I racked my last mead (Mambo Melomel) of this year tonight from the primary to secondary. I like to use chopped dried fruit in my must to add flavor and yeast nutrients and thought I would share my racking technique. I know Hippie and other would say "just use a straining bag" but I like the idea of letting the fruit be free in the must to do it's thang!


The funnel has a screen insert and I use a small spoon to scrape the fruit and other solids off the screen to get all the liquid.


http://www.finevinewines.com/ProdDet.asp?PartNumber=4704


My boy Hunter is the next generation vintner here at Valley Brew!












Spoon this fruit over your cereal in the morning!


----------



## bilbo-in-maine (Oct 24, 2005)

Does Hunter join Dad for morning cereal with fruit? Lucky boy! 

Just curious about the oxygen effect from the free-fall into the carboy. Is 
oxygenation ok at this stage, or is mead different from wine in that regard?

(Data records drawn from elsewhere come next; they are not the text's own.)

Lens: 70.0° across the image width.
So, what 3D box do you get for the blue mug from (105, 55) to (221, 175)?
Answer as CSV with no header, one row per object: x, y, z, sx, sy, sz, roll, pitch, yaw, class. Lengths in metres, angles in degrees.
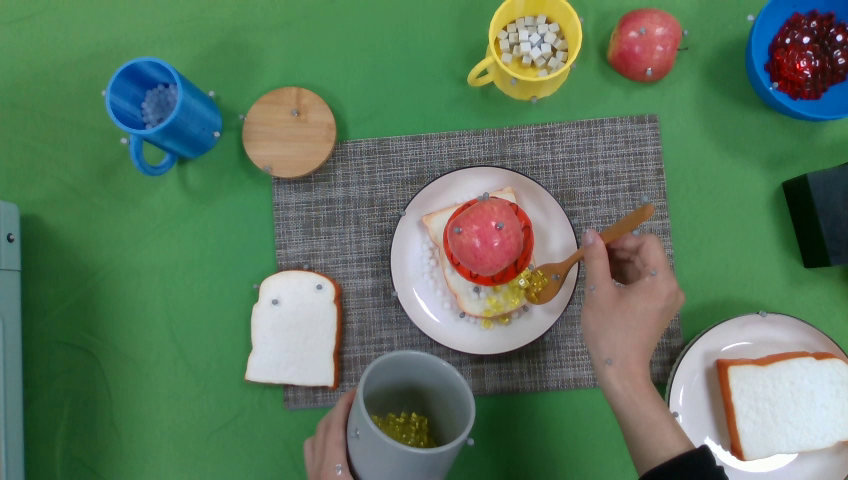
-0.288,-0.128,0.668,0.082,0.106,0.116,16,86,4,blue mug

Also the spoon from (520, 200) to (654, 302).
0.146,0.013,0.570,0.022,0.194,0.041,1,65,-22,spoon

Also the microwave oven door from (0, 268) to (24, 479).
-0.474,0.199,0.566,0.039,0.244,0.355,-5,85,3,microwave oven door

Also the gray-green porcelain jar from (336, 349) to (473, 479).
-0.023,0.181,0.562,0.106,0.105,0.127,24,128,5,gray-green porcelain jar

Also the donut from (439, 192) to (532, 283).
0.066,-0.002,0.644,0.099,0.048,0.099,0,86,3,donut

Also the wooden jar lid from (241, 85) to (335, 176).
-0.156,-0.125,0.702,0.108,0.021,0.108,0,82,4,wooden jar lid

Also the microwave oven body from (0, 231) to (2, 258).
-0.621,0.168,0.580,0.326,0.260,0.440,-4,86,2,microwave oven body

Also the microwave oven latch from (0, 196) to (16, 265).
-0.482,-0.011,0.683,0.030,0.029,0.079,-1,86,2,microwave oven latch

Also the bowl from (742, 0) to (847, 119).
0.410,-0.196,0.654,0.151,0.077,0.151,0,86,3,bowl

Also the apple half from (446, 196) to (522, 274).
0.061,-0.006,0.609,0.081,0.033,0.081,-1,84,10,apple half

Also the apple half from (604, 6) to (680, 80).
0.246,-0.226,0.677,0.074,0.053,0.080,18,87,7,apple half

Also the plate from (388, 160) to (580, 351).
0.064,0.017,0.671,0.207,0.039,0.207,0,86,3,plate

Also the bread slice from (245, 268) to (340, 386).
-0.147,0.097,0.686,0.105,0.019,0.131,3,87,2,bread slice

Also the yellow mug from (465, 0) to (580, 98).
0.104,-0.210,0.676,0.131,0.064,0.099,-29,85,1,yellow mug

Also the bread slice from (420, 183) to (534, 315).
0.069,0.014,0.672,0.107,0.018,0.134,-22,85,1,bread slice

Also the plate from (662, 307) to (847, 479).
0.357,0.176,0.648,0.209,0.038,0.208,0,85,3,plate
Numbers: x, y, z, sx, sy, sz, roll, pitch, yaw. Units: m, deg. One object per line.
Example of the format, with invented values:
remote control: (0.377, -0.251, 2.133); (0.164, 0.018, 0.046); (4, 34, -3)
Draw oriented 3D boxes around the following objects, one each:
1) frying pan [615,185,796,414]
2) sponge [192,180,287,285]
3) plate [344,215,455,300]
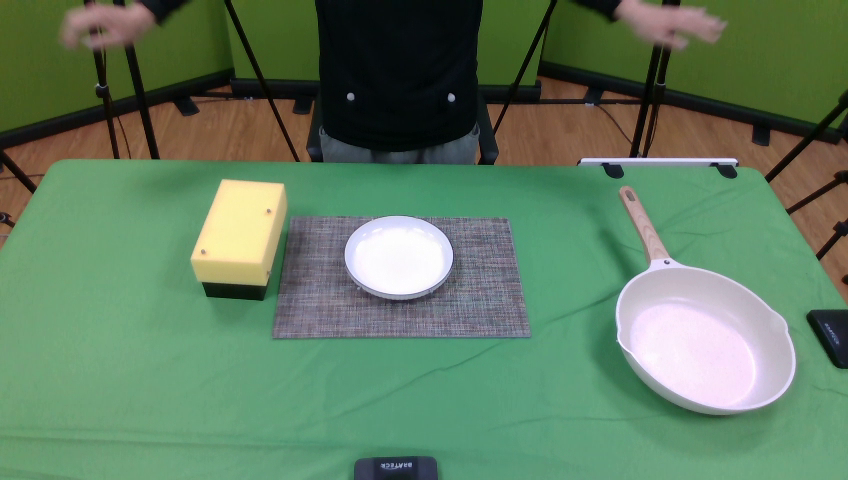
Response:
frying pan: (0.449, 0.087, 1.092); (0.307, 0.103, 0.484); (-4, 55, -10)
sponge: (-0.327, -0.018, 1.097); (0.118, 0.061, 0.205); (3, 46, -1)
plate: (-0.045, 0.036, 1.146); (0.208, 0.039, 0.206); (2, 46, -2)
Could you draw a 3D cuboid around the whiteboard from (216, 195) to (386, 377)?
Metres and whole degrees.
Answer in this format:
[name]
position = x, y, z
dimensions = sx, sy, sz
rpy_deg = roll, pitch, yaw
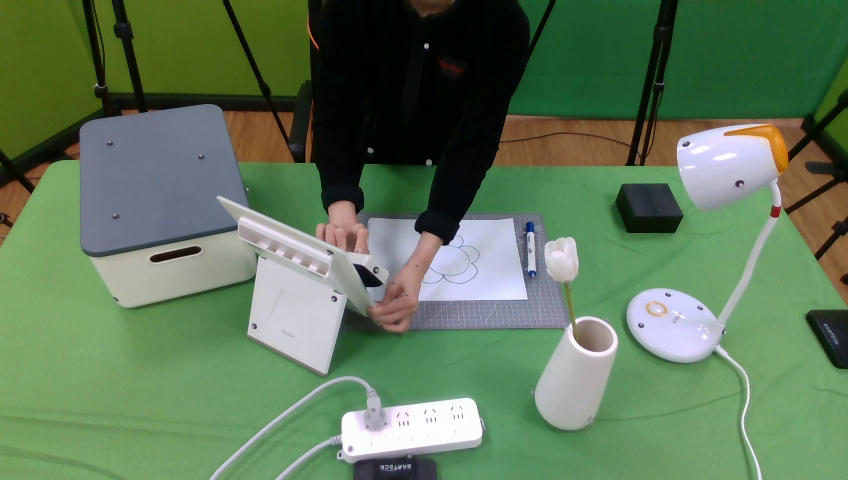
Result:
[whiteboard]
position = -0.212, 0.093, 0.938
dimensions = 0.216, 0.307, 0.143
rpy_deg = 24, 70, 17

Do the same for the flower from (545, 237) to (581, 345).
[flower]
position = 0.213, 0.137, 0.846
dimensions = 0.038, 0.364, 0.044
rpy_deg = 20, 54, 39

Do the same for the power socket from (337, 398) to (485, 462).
[power socket]
position = -0.018, 0.285, 0.914
dimensions = 0.227, 0.033, 0.071
rpy_deg = -4, 46, -8

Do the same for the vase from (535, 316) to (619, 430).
[vase]
position = 0.229, 0.200, 0.900
dimensions = 0.098, 0.201, 0.097
rpy_deg = 3, 46, -3

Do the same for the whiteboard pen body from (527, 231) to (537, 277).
[whiteboard pen body]
position = 0.211, 0.018, 1.191
dimensions = 0.017, 0.017, 0.140
rpy_deg = 6, 44, 1

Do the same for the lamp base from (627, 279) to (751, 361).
[lamp base]
position = 0.460, 0.100, 1.027
dimensions = 0.178, 0.181, 0.160
rpy_deg = 27, 51, 17

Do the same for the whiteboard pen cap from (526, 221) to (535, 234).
[whiteboard pen cap]
position = 0.216, -0.022, 1.233
dimensions = 0.018, 0.018, 0.033
rpy_deg = 6, 45, 2

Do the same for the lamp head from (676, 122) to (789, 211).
[lamp head]
position = 0.423, -0.104, 0.819
dimensions = 0.122, 0.113, 0.112
rpy_deg = -13, 33, 40

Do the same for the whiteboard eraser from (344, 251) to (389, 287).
[whiteboard eraser]
position = -0.110, 0.045, 0.937
dimensions = 0.112, 0.056, 0.041
rpy_deg = 8, 63, 47

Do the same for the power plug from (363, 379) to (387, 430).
[power plug]
position = -0.072, 0.252, 0.911
dimensions = 0.035, 0.053, 0.072
rpy_deg = 3, 40, 0

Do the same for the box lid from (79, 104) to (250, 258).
[box lid]
position = -0.467, -0.121, 1.075
dimensions = 0.264, 0.015, 0.369
rpy_deg = -13, 49, -18

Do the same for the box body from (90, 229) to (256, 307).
[box body]
position = -0.471, -0.070, 1.131
dimensions = 0.254, 0.161, 0.361
rpy_deg = -14, 49, -17
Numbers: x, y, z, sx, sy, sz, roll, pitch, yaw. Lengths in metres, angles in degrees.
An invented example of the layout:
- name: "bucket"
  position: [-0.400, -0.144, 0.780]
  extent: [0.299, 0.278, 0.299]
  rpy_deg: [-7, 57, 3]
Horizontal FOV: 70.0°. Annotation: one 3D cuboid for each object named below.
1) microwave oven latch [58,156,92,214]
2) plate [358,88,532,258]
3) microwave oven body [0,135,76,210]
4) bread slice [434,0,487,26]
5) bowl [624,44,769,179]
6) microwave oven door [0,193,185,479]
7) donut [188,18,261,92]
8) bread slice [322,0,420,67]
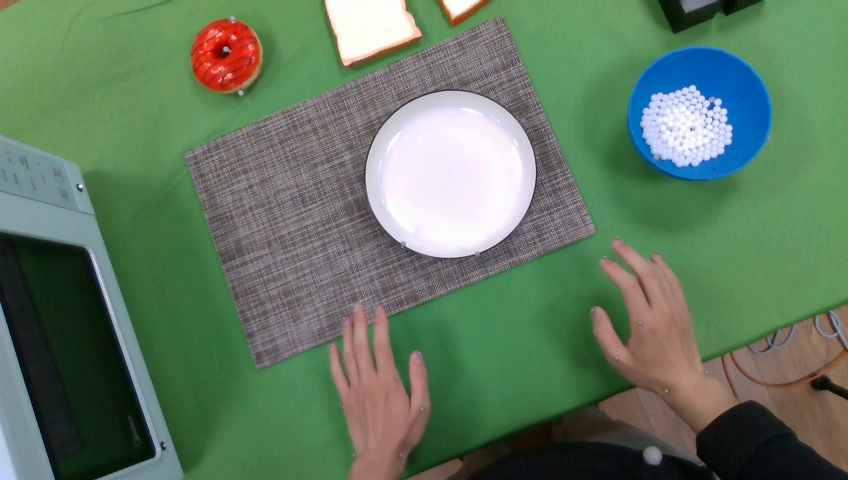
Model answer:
- name: "microwave oven latch"
  position: [-0.458, -0.067, 0.777]
  extent: [0.030, 0.029, 0.079]
  rpy_deg: [-24, 82, 3]
- name: "plate"
  position: [0.026, -0.079, 0.735]
  extent: [0.207, 0.039, 0.207]
  rpy_deg: [-1, 83, 7]
- name: "microwave oven body"
  position: [-0.536, 0.141, 0.665]
  extent: [0.326, 0.261, 0.440]
  rpy_deg: [-24, 82, 3]
- name: "bread slice"
  position: [0.039, -0.356, 0.780]
  extent: [0.105, 0.019, 0.131]
  rpy_deg: [-36, 82, 1]
- name: "bowl"
  position: [0.299, -0.135, 0.692]
  extent: [0.151, 0.077, 0.151]
  rpy_deg: [-1, 83, 7]
- name: "microwave oven door"
  position: [-0.387, 0.119, 0.645]
  extent: [0.039, 0.245, 0.354]
  rpy_deg: [-24, 81, 4]
- name: "donut"
  position: [-0.260, -0.241, 0.789]
  extent: [0.099, 0.048, 0.099]
  rpy_deg: [-1, 84, 9]
- name: "bread slice"
  position: [-0.079, -0.299, 0.787]
  extent: [0.107, 0.018, 0.134]
  rpy_deg: [-23, 82, 3]
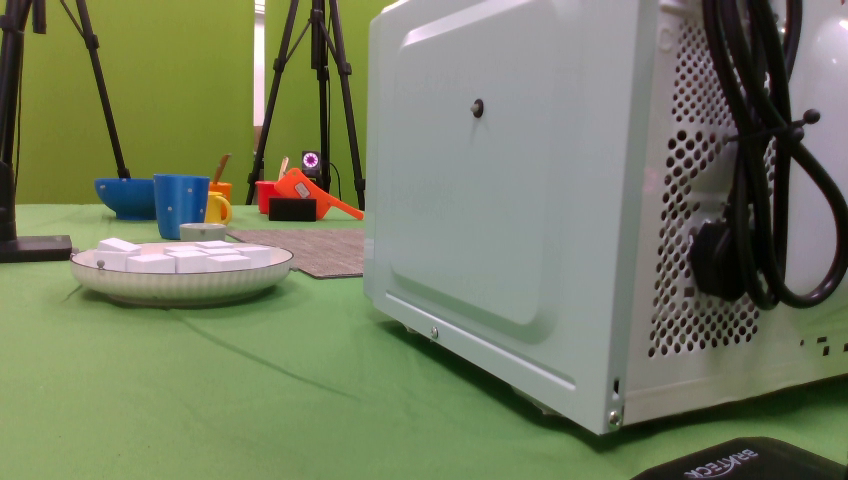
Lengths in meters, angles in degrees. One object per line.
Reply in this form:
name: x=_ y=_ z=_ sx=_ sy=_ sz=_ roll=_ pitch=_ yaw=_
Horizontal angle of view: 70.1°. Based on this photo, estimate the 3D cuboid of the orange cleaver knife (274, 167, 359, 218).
orange cleaver knife: x=-0.238 y=-0.091 z=1.381 sx=0.212 sy=0.077 sz=0.012 roll=31 pitch=0 yaw=-19

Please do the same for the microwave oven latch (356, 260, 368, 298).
microwave oven latch: x=-0.020 y=0.033 z=0.530 sx=0.079 sy=0.029 sz=0.030 roll=0 pitch=7 yaw=-26

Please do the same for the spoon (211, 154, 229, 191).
spoon: x=-0.431 y=-0.115 z=1.253 sx=0.042 sy=0.193 sz=0.021 roll=-3 pitch=54 yaw=-33

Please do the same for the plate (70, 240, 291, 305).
plate: x=-0.242 y=0.031 z=0.618 sx=0.208 sy=0.039 sz=0.207 roll=2 pitch=8 yaw=0

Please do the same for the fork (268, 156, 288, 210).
fork: x=-0.360 y=-0.144 z=1.508 sx=0.028 sy=0.018 sz=0.207 roll=1 pitch=49 yaw=0

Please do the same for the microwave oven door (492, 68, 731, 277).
microwave oven door: x=0.232 y=-0.097 z=0.836 sx=0.039 sy=0.243 sz=0.354 roll=-3 pitch=9 yaw=-36

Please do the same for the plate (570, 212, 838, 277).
plate: x=0.230 y=0.001 z=0.519 sx=0.209 sy=0.038 sz=0.209 roll=2 pitch=7 yaw=0

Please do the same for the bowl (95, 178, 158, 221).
bowl: x=-0.576 y=-0.081 z=1.217 sx=0.151 sy=0.077 sz=0.151 roll=3 pitch=8 yaw=0

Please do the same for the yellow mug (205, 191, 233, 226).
yellow mug: x=-0.415 y=-0.057 z=1.132 sx=0.130 sy=0.064 sz=0.100 roll=5 pitch=8 yaw=16

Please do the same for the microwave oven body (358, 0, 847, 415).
microwave oven body: x=0.210 y=-0.047 z=0.475 sx=0.444 sy=0.260 sz=0.324 roll=-1 pitch=7 yaw=-28

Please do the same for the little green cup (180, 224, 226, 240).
little green cup: x=-0.309 y=-0.001 z=0.846 sx=0.061 sy=0.038 sz=0.061 roll=2 pitch=8 yaw=0

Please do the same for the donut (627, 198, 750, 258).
donut: x=0.225 y=-0.010 z=0.519 sx=0.099 sy=0.048 sz=0.099 roll=4 pitch=8 yaw=0

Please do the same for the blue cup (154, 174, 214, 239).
blue cup: x=-0.391 y=-0.053 z=0.978 sx=0.093 sy=0.100 sz=0.092 roll=4 pitch=6 yaw=0

This is great seeing the photos - keep them coming.

Bill


----------



## Angell Wine (Oct 24, 2005)

please don't take offense when i say this, but your son look like he was about to cry, like "daddy I don't want my picture taken." I have a son that is 5 years old and I've seen that look before. I couldn't help but laugh. You do have good looking boy there.


----------



## masta (Oct 24, 2005)

Great question Bill...the aeration at this stage is ok for the mead since the time exposure is small and the fermentation is still quite active (SG 1.020) so any air will be forced out with the along with the escaping CO2.


----------



## Hippie (Oct 24, 2005)

Looks good to me! I have used the same method lots of times myself, Masta. Even with a straining bag, the must will clog up the screen.


----------



## bilbo-in-maine (Oct 25, 2005)

Given what you said in another thread about the relative densities of CO2 
and oxygen, it makes a lot of sense, especially if the must is still so 
active. Cleaning and drying the funnel appeals more than all the fuss 
involved with properly cleaning and drying the transfer hose. Thanks for 
sharing the method.
Bill


----------



## Waldo (Oct 25, 2005)

Now I just gotta know Masta how the heck did all dat fruit come through dat spigget on de fermenter


----------



## masta (Oct 25, 2005)

It didn't I poured it out to get all the liquid!


----------



## Waldo (Oct 27, 2005)

I knew that, just kidding. So how long could you keep that fruit in the fridge for other uses..like on cereal. I bet it would be good in a fruit salad to


----------



## masta (Oct 27, 2005)

Actually it smells kind of nasty and I think that is why Hunter was making that face!


----------



## bilbo-in-maine (Oct 27, 2005)

Yeah, but if you want to see some alcohol-challenged flying insects, just 
put it out in the compost...


----------



## Harry (Oct 27, 2005)

Try it on some icecream ummm






Harry


----------